The only way that the RNC and RSCC are going to get the message is if they stop getting donor funding. Give to candidates directly, but if the national orgs come calling, tell them “you supported a Progressive over a Conservative. That is an unforgivable sin. NEVER call me again. If I want to give, I will give directly to the candidate, and I will advise each and every one of my fellow voters to do so as well.”

I suppose we can only hope that Cochran keels over between now and the General in order to get a Conservative Senator and not a RINO sell-out….

Lady Penguin | June 25, 2014 at 6:08 am

Cochran could have retired honorably, now he’ll deteriorate into a demented old fool.

    wendybar in reply to Lady Penguin. | June 25, 2014 at 6:44 am

    He already is a demented old fool. This goes to show that the establishment would rather HAVE a demented old fool, than someone who wants to save the Republic.

Juba Doobai! | June 25, 2014 at 8:33 am

Do unto the GOP as they have done unto us: no support, no vote.

Captain Keogh | June 25, 2014 at 8:56 am

So let me get this straight, it is ok for Va. to have open Republican primaries (see the Cantor-Brat contest) but not ok for Mississippi?

    heimdall in reply to Captain Keogh. | June 25, 2014 at 9:59 am

    Don’t be willfully stupid. Democrats did not make the difference in the Cantor-Brat contest, he lost votes since 2012. AND Brat did not campaign for democrat votes like Cantor and especially Cochran did. Neither conservative candidate campaigned for democrat votes in their primary.

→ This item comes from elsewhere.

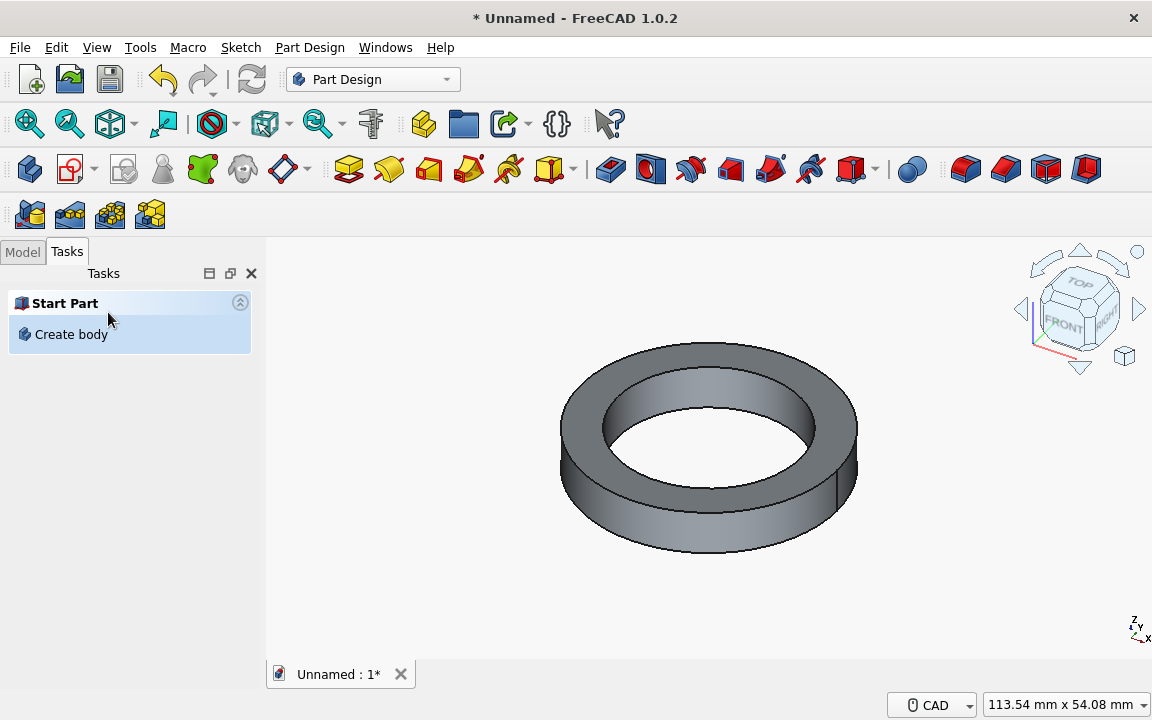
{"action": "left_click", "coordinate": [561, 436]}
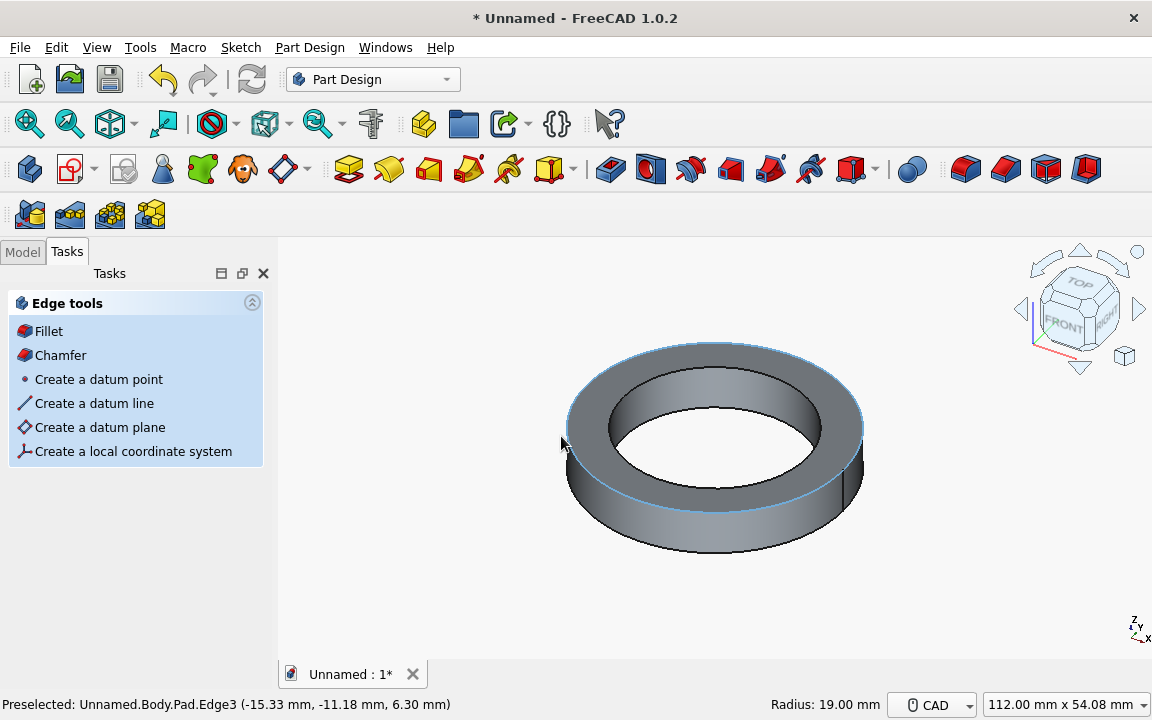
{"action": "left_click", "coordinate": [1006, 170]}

    But it is always okay for GOP establishment guys though right? Nobody else better even threaten to do the same right Captain?

    MouseTheLuckyDog in reply to Captain Keogh. | June 25, 2014 at 10:57 am

    Actually my feeling is the opposite: close the primaries and a person must have declared before the last election to get a vote.
    Then the longer a person votes consecutively as a Republicans in primaries the more his vote counts. Say you’ve voted as a Republican for the last ten years. Your vote counts twice as much.

It is now clear that D.C. Republicans are as corrupt as D.C. Democrats. Well done, Rinos you have killed your party.